On Wednesday, the Senate Special Committee on Aging Chairman, Sen. Bob Casey (D-Pa.), held a hearing to highlight the importance of home- and community-based services (HCBS) for seniors and people with disabilities.
 
He also attempted to explain the broader impact that investment in the sector can have.
 
“Underinvestment in caregiving affects all of us — it even hurts our economy,” Casey said during the hearing. “Without access to this care, many people, usually women, are forced to leave the workforce to care for a loved one. An investment in home-based care is an investment in families and our nation. It will help people get back to work. It gives families … peace of mind.”
 
Building on Casey’s point about informal caregivers often having to step in to care for seniors, Sen.

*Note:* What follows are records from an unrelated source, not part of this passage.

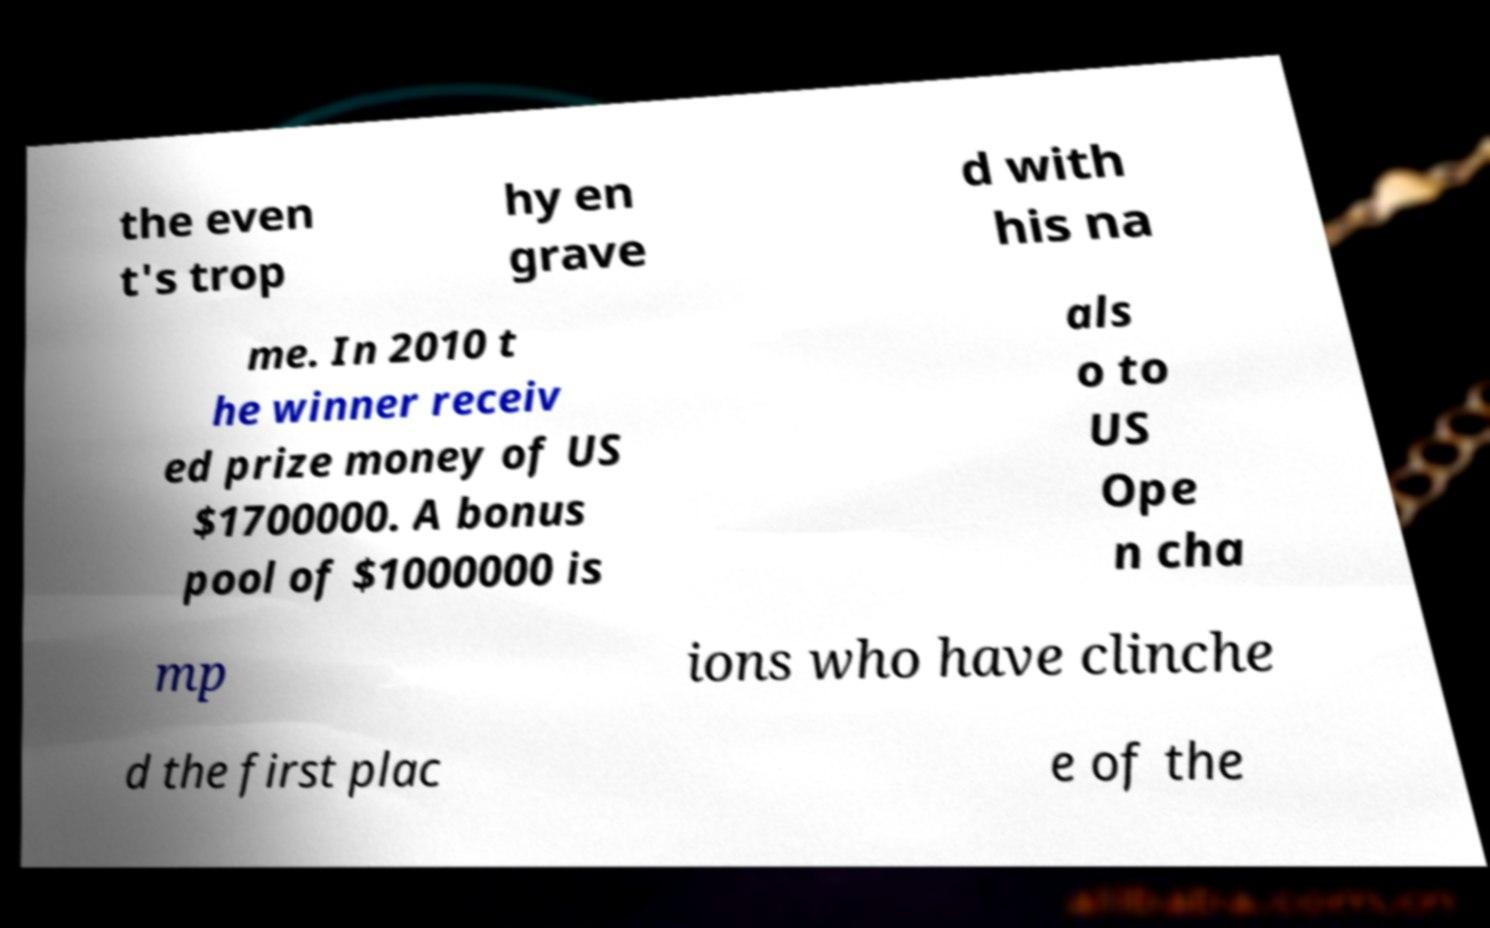Could you assist in decoding the text presented in this image and type it out clearly? the even t's trop hy en grave d with his na me. In 2010 t he winner receiv ed prize money of US $1700000. A bonus pool of $1000000 is als o to US Ope n cha mp ions who have clinche d the first plac e of the 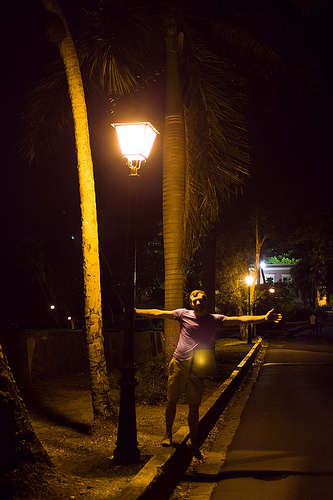<image>
Is there a light behind the human? No. The light is not behind the human. From this viewpoint, the light appears to be positioned elsewhere in the scene. 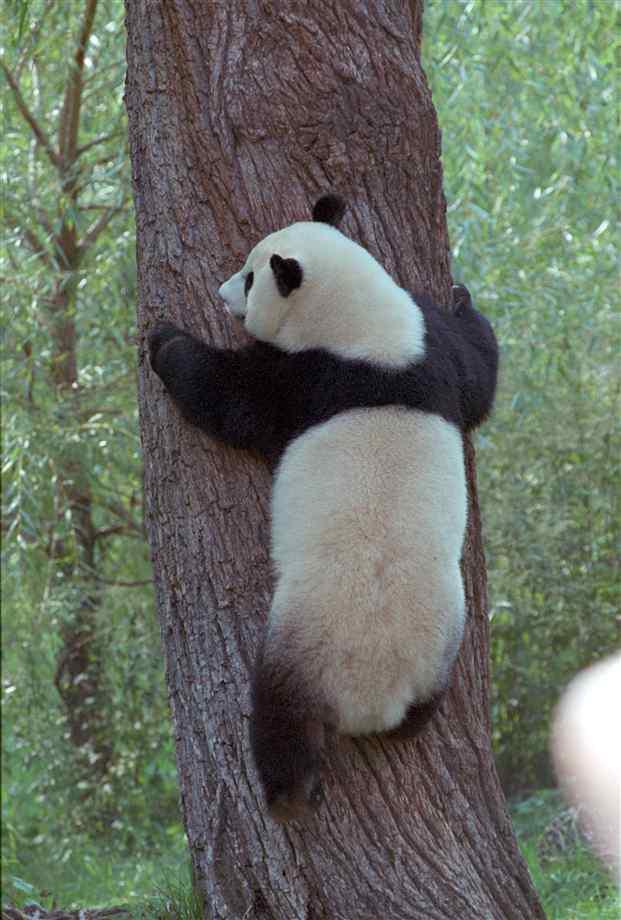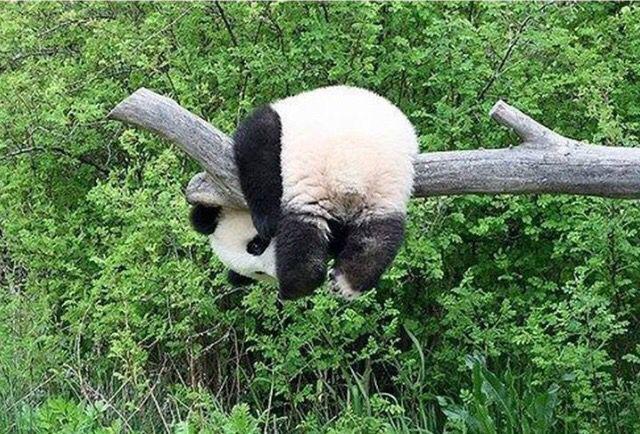The first image is the image on the left, the second image is the image on the right. Given the left and right images, does the statement "The panda in the image on the left is hanging against the side of a tree trunk." hold true? Answer yes or no. Yes. The first image is the image on the left, the second image is the image on the right. Examine the images to the left and right. Is the description "The right image shows one panda draped over part of a tree, with its hind legs hanging down." accurate? Answer yes or no. Yes.

Tim Scott (R-S.C.) — ranking member of the Special Committee on Aging — noted that these individuals provide over 75% of caregiving in the U.S.
 
In his opening remarks, Casey also exlpained that HCBS investment would address the issue of caregivers, the majority of whom are women of color, being underpaid.
 
“These workers provide essential care,” he said. “An investment in home- and community-based services would give these hard-working women, or I should say mostly women, the opportunity to better support their own families and their communities.”
 
Indeed, across the U.S., the median wage for caregivers is lower than that of other jobs with similar entry-level requirements, such as janitors, retail salespersons and customer service representatives.
 
In 2019, direct care workers earned a median hourly wage of $12.80, a small improvement from $12.61 in 2009, according to data from PHI.
 
In order to address the growing number of Americans who need assistance with daily activities, but who prefer to receive care in their home or community, continued bipartisan collaboration is necessary, according to Lisa Harootunian, associate director of the health program at the Bipartisan Policy Center (BPC).